The exercise below provides practice in statistical test selection.
The examples below illustrate how a researcher might go about selecting a statistical test. They also show that based on the study design and the distribution of the data, the best statistical test for analysis can change.
Study Design |
Groups |
Time points |
Data Distribution |
Variable type |
Test |
Pretest/Posttest: Studying an eight-week tutoring component at an after-school program. Assessing student satisfaction of 40 participants. Comparing the same students’ satisfaction using a pretest before the tutoring begins and a posttest after the tutoring component ends. |
One |
Two |
Normal |
Ordinal: 1=Very satisfied, 2=Satisfied, 3=Not at all satisfied |
Paired T-Test |
Same as above. |
One |
Two |
Non-normal |
Same as above |
Wilcoxon Sign-Rank Test |
Pretest, Posttest, and Control Group: Comparing the satisfaction of two groups of students in different after-school programs. Each group has 25 participants. Comparing the satisfaction scores using a pretest before the intervention and a posttest after the intervention. |
Two |
Two |
Non-Normal |
Same as above |
Wilcoxon Rank-Sum Test |
Pretest, Posttest: Assessing weight loss after a nutrition intervention among the one group of 50 students who receive the intervention. Would like to determine if there is a relationship between participation in the intervention and weight loss. Weight is measured before and after the intervention. |
One |
Two |
Normal |
Continuous (ratio): weight in pounds |
Paired T-Test |
These statistics can show whether the results and relationships observed are real or just due to chance. Associated with each statistic is a p-value that shows whether something is statistically significant. If someone says the test was statistically significant, they mean it is unlikely that the results are due to random chance.
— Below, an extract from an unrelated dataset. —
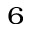Convert formula to latex. <formula><loc_0><loc_0><loc_500><loc_500>_ { 6 }</formula>

For many statistical tests, the results are considered significant if the p-value is 0.05 or less. This is based on a level of 95% confidence. This cut-off or criteria of 0.05 was set during the early development of statistical methods and is somewhat arbitrary. This is why sometimes a result may be statistically significant without necessarily being meaningful.
It is important to understand also that a statistically significant result does not necessarily have a meaningful effect. Sometimes small effects can be statistically significant simply because a very large number of people have participated in the research. In order to account for this, the effect size is often calculated in research.
The effect size is a measure of magnitude or strength (versus the p-value of statistical tests, which tells us if a relationship is due to chance or not), and it tells researchers if the results are meaningful or just due to the large number of people who participated in the research.